Personal information
- Full name: José Aguilar Pulsar
- Nationality: Cuban
- Born: 19 December 1958
- Died: 4 April 2014 (aged 55)
- Height: 1.73 m (5 ft 8 in)
- Weight: 64 kg (141 lb)

Sport
- Sport: Boxing
- Weight class: Light Welterweight

Medal record
Olympic Games
| Bronze medal – third place | 1980 Moscow | Light Welterweight |
Pan American Games
| Bronze medal – third place | 1979 Caracas | Light Welterweight |
| Silver medal – second place | 1983 Caracas | Welterweight |

= José Aguilar (boxer) =

Cuban boxer (1958–2014)

José Aguilar Pulsar (19 December 1958 - 4 April 2014) was a Cuban boxer. He won the Light Welterweight bronze medal at the 1980 Summer Olympics.

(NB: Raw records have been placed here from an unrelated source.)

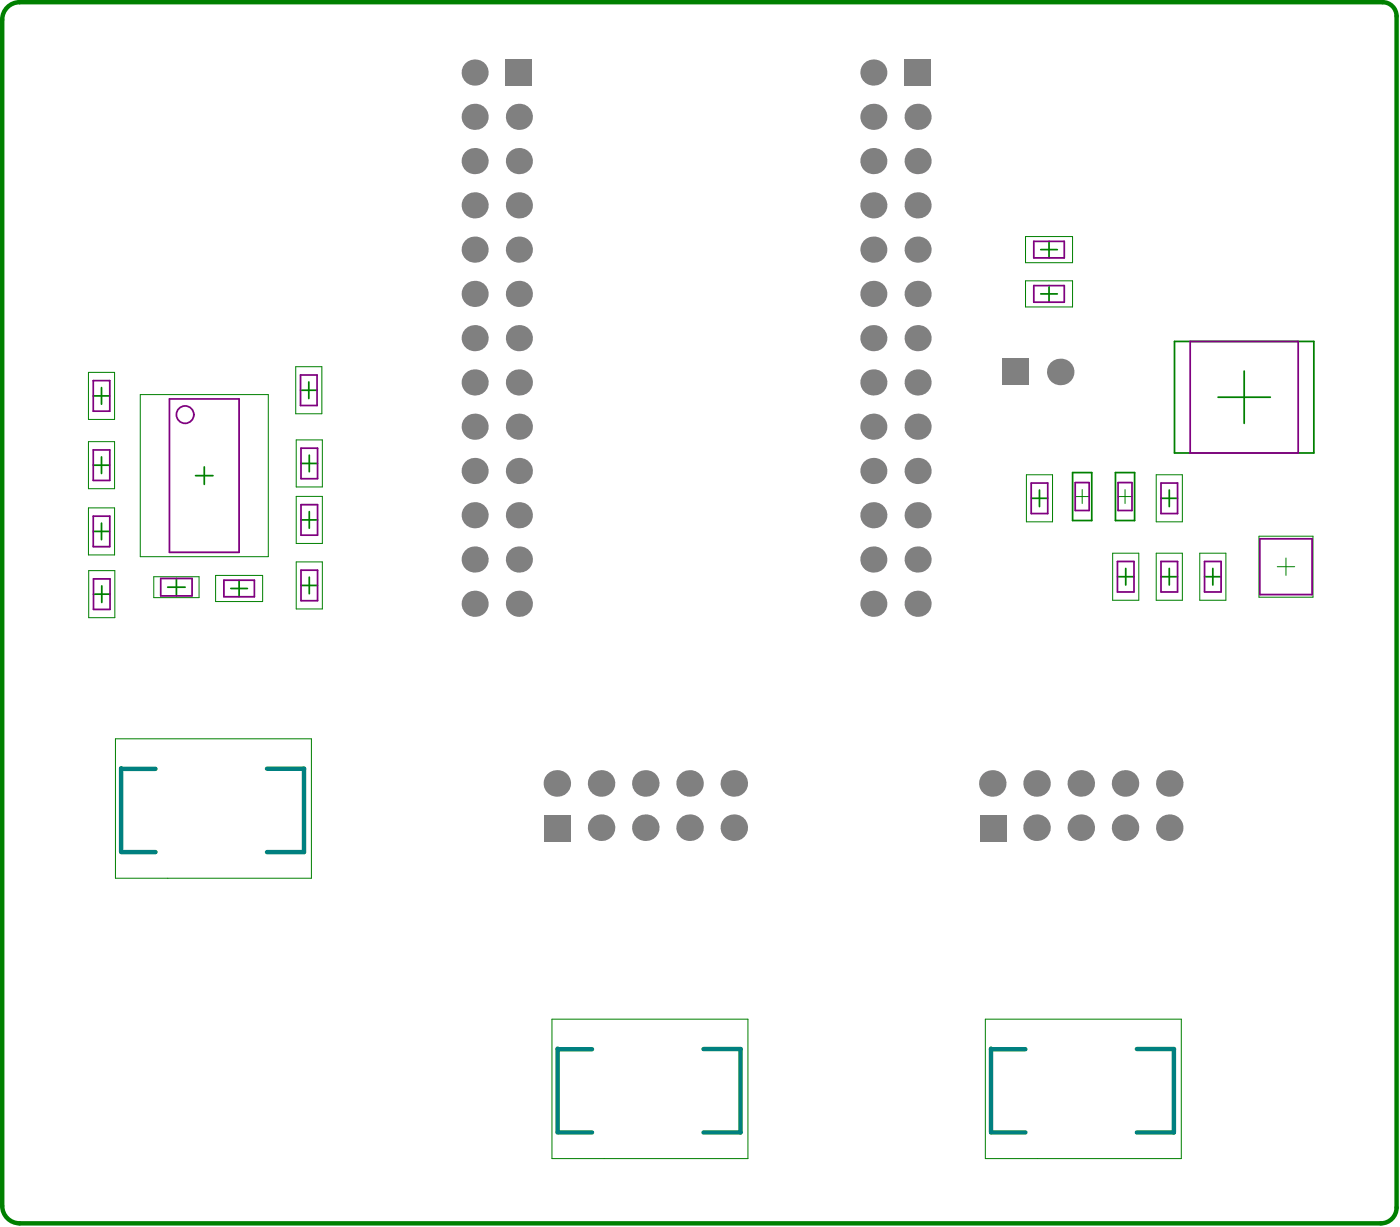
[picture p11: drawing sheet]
<svg xmlns="http://www.w3.org/2000/svg" width="268mm" height="235mm" viewBox="0 0 268 235" stroke-linecap="round" stroke-linejoin="round" font-family="sans-serif">
<g fill="none" stroke="#008000" stroke-width=".33">
<path d="M199.1 56.2h3.1M199.1 47.7h3.1M200.6 46.1v3.2M200.6 54.6v3.2M17.8 75.7h3.2M19.4 74.1v3.2M57.5 74.6h3.1M59.1 73v3.2M224.6 65.3h26.7v21.3h-26.7zM233 75.9h10M238 70.9v10M17.8 88.9h3.2"/>
<path d="M19.4 87.4v3.1M37.4 90.9h3.3M39.1 89.3v3.3M57.6 99.4h3.1M57.6 88.6h3.1M59.2 87v3.2M59.2 97.8v3.2M197.2 95.3h3.2M198.8 93.7v3.2M205.1 90.4h3.7v9.1h-3.7zM213.3 90.4h3.7v9.1h-3.7zM222 95.3h3.2"/>
<path d="M223.6 93.7v3.2M17.8 101.6h3.2M17.9 113.6h3.1M19.4 100v3.2M19.5 112v3.2M32.1 112.3h3.3M33.7 110.6v3.3M44.2 112.5h3.1M45.7 110.9v3.2M57.6 111.9h3.1M59.2 110.4v3.1M213.7 110.3h3.2"/>
<path d="M215.3 108.7v3.2M222 110.3h3.2M223.6 108.7v3.2M230.4 110.3h3.1M232 108.7v3.2"/>
</g>
<g fill="none" stroke="#008000" stroke-width=".19">
<path d="M196.1 45.2h9v5h-9zM196.1 53.7h9v5h-9zM16.9 71.2h5v9h-5zM26.8 75.4h24.5v31h-24.5zM56.6 70.1h5v9h-5zM16.9 84.4h5v9h-5zM16.9 97.1h5v9h-5zM56.7 84.1h5v9h-5zM56.7 94.9h5v9h-5zM196.3 90.8h5v9h-5zM205.6 94.9h2.7M207 93.6v2.7"/>
<path d="M213.8 94.9h2.7M215.2 93.6v2.7M221.1 90.8h5v9h-5zM17 109.1h5v9h-5zM29.4 110.3h8.7v4h-8.7zM41.2 110h9v5h-9zM56.7 107.4h5v9h-5zM212.8 105.8h5v9h-5zM221.1 105.8h5v9h-5zM229.5 105.8h5v9h-5zM240.8 102.5h10.3v11.7h-10.3zM244.3 108.4h3.3"/>
<path d="M246 106.7v3.3M22.1 141.3h37.5v26.6h-37.5zM105.6 194.9h37.4v26.6h-37.4zM188.5 194.9h37.4v26.6h-37.4z"/>
</g>
<g fill="none" stroke="#800080" stroke-width=".33">
<path d="M197.7 46.1h5.8v3.2h-5.8zM197.7 54.6h5.8v3.2h-5.8zM17.8 72.8h3.2v5.8h-3.2zM32.4 76.3h13.3v29.3h-13.3zM57.5 71.7h3.1v5.8h-3.1zM227.6 65.3h20.7v21.3h-20.7zM17.8 86h3.2v5.9h-3.2zM17.8 98.7h3.2v5.8h-3.2zM57.6 85.7h3.1v5.8h-3.1zM57.6 96.5h3.1v5.8h-3.1zM197.2 92.4h3.2v5.8h-3.2zM205.6 92.3h2.7v5.3h-2.7z"/>
<path d="M213.8 92.3h2.7v5.3h-2.7zM222 92.4h3.2v5.8h-3.2zM17.9 110.7h3.1v5.8h-3.1zM30.7 110.6h6v3.3h-6zM42.8 110.9h5.8v3.2h-5.8zM57.6 109h3.1v5.8h-3.1zM213.7 107.4h3.2v5.8h-3.2zM222 107.4h3.2v5.8h-3.2zM230.4 107.4h3.1v5.8h-3.1zM241 103h9.9v10.7h-9.9z"/>
<circle cx="35.4" cy="79.3" r="1.67"/>
</g>
<path d="M1.4 1.4a3.3 3.3 0 0 1 2.4-1h260.6a2.66 2.66 0 0 1 2.7 2.7v227.8a3 3 0 0 1-3 3h-260.3a3.3 3.3 0 0 1-3.4-3.3v-226.8a3.3 3.3 0 0 1 1-2.4z" fill="none" stroke="#008000" stroke-width=".85"/>
<g fill="none" stroke="#008080" stroke-width=".85">
<path d="M23.2 146.9v15.9M23.2 147h6.5M51.1 147h7.1M58.1 147v15.9h-7M23.2 162.9h6.5M106.6 200.5v15.9M106.6 216.5h6.6M106.6 200.6h6.6M134.5 200.6h7.2M141.6 200.6v15.9h-7.1M189.5 200.5v15.9M189.5 216.5h6.6"/>
<path d="M189.5 200.6h6.6M217.4 200.6h7.1v15.9h-7.1"/>
</g>
<g fill="#808080">
<path d="M187.4 155.8h5.1v5.1h-5.1z" fill-rule="evenodd"/>
<path d="M96.7 11.4h5v5h-5z" fill-rule="evenodd"/>
<path d="M173 11.4h5v5h-5z" fill-rule="evenodd"/>
<path d="M104.1 155.8h5.1v5.1h-5.1z" fill-rule="evenodd"/>
<path d="M191.8 68.6h5.1v5.1h-5.1z" fill-rule="evenodd"/>
</g>
<g fill="#808080">
<circle cx="223.6" cy="158.3" r="2.54"/>
<circle cx="189.8" cy="149.8" r="2.54"/>
<circle cx="223.6" cy="149.8" r="2.54"/>
<circle cx="90.8" cy="115.4" r="2.5"/>
<circle cx="99.2" cy="115.4" r="2.5"/>
<circle cx="90.8" cy="81.6" r="2.5"/>
<circle cx="99.2" cy="81.6" r="2.5"/>
<circle cx="90.8" cy="47.7" r="2.5"/>
<circle cx="99.2" cy="47.7" r="2.5"/>
<circle cx="90.8" cy="13.9" r="2.5"/>
<circle cx="175.5" cy="115.4" r="2.5"/>
<circle cx="167" cy="115.4" r="2.5"/>
<circle cx="175.5" cy="81.6" r="2.5"/>
<circle cx="167" cy="81.6" r="2.5"/>
<circle cx="175.5" cy="47.7" r="2.5"/>
<circle cx="167" cy="47.7" r="2.5"/>
<circle cx="167" cy="13.9" r="2.5"/>
<circle cx="90.8" cy="98.5" r="2.5"/>
<circle cx="99.2" cy="98.5" r="2.5"/>
<circle cx="90.8" cy="107" r="2.5"/>
<circle cx="99.2" cy="107" r="2.5"/>
<circle cx="90.8" cy="73.1" r="2.5"/>
<circle cx="99.2" cy="73.1" r="2.5"/>
<circle cx="90.8" cy="90" r="2.5"/>
<circle cx="99.2" cy="90" r="2.5"/>
<circle cx="90.8" cy="56.2" r="2.5"/>
<circle cx="99.2" cy="56.2" r="2.5"/>
<circle cx="90.8" cy="64.7" r="2.5"/>
<circle cx="99.2" cy="64.7" r="2.5"/>
<circle cx="90.8" cy="22.3" r="2.5"/>
<circle cx="99.2" cy="22.3" r="2.5"/>
<circle cx="90.8" cy="30.8" r="2.5"/>
<circle cx="99.2" cy="30.8" r="2.5"/>
<circle cx="123.4" cy="158.3" r="2.54"/>
<circle cx="115" cy="158.3" r="2.54"/>
<circle cx="140.3" cy="158.3" r="2.54"/>
<circle cx="175.5" cy="107" r="2.5"/>
<circle cx="167" cy="107" r="2.5"/>
<circle cx="175.5" cy="98.5" r="2.5"/>
<circle cx="167" cy="98.5" r="2.5"/>
<circle cx="175.5" cy="90" r="2.5"/>
<circle cx="167" cy="90" r="2.5"/>
<circle cx="175.5" cy="73.1" r="2.5"/>
<circle cx="167" cy="73.1" r="2.5"/>
<circle cx="175.5" cy="64.7" r="2.5"/>
<circle cx="167" cy="64.7" r="2.5"/>
<circle cx="175.5" cy="56.2" r="2.5"/>
<circle cx="167" cy="56.2" r="2.5"/>
<circle cx="175.5" cy="30.8" r="2.5"/>
<circle cx="167" cy="30.8" r="2.5"/>
<circle cx="175.5" cy="22.3" r="2.5"/>
<circle cx="167" cy="22.3" r="2.5"/>
<circle cx="206.7" cy="158.3" r="2.54"/>
<circle cx="198.2" cy="158.3" r="2.54"/>
<circle cx="202.8" cy="71.1" r="2.54"/>
<circle cx="215.2" cy="158.3" r="2.54"/>
<circle cx="90.8" cy="39.3" r="2.5"/>
<circle cx="99.2" cy="39.3" r="2.5"/>
<circle cx="123.4" cy="149.8" r="2.54"/>
<circle cx="115" cy="149.8" r="2.54"/>
<circle cx="106.5" cy="149.8" r="2.54"/>
<circle cx="140.3" cy="149.8" r="2.54"/>
<circle cx="175.5" cy="39.3" r="2.5"/>
<circle cx="167" cy="39.3" r="2.5"/>
<circle cx="206.7" cy="149.8" r="2.54"/>
<circle cx="198.2" cy="149.8" r="2.54"/>
<circle cx="215.2" cy="149.8" r="2.54"/>
<circle cx="131.9" cy="158.3" r="2.54"/>
<circle cx="131.9" cy="149.8" r="2.54"/>
</g>
</svg>

He died in Guantánamo on 4 April 2014 from a cerebral infarction.

==1980 Olympic results==
- Round of 32: Defeated Martin Brerton (Ireland) by TKO 1
- Round of 16: Defeated Ryu Bun-Hwa (North Korea) by decision, 4–1
- Quarterfinal: Defeated Farouk Jawad (Iraq) by TKO 3
- Semifinal: Lost to Serik Konakbayev (USSR) by decision, 1-4 (was awarded bronze medal)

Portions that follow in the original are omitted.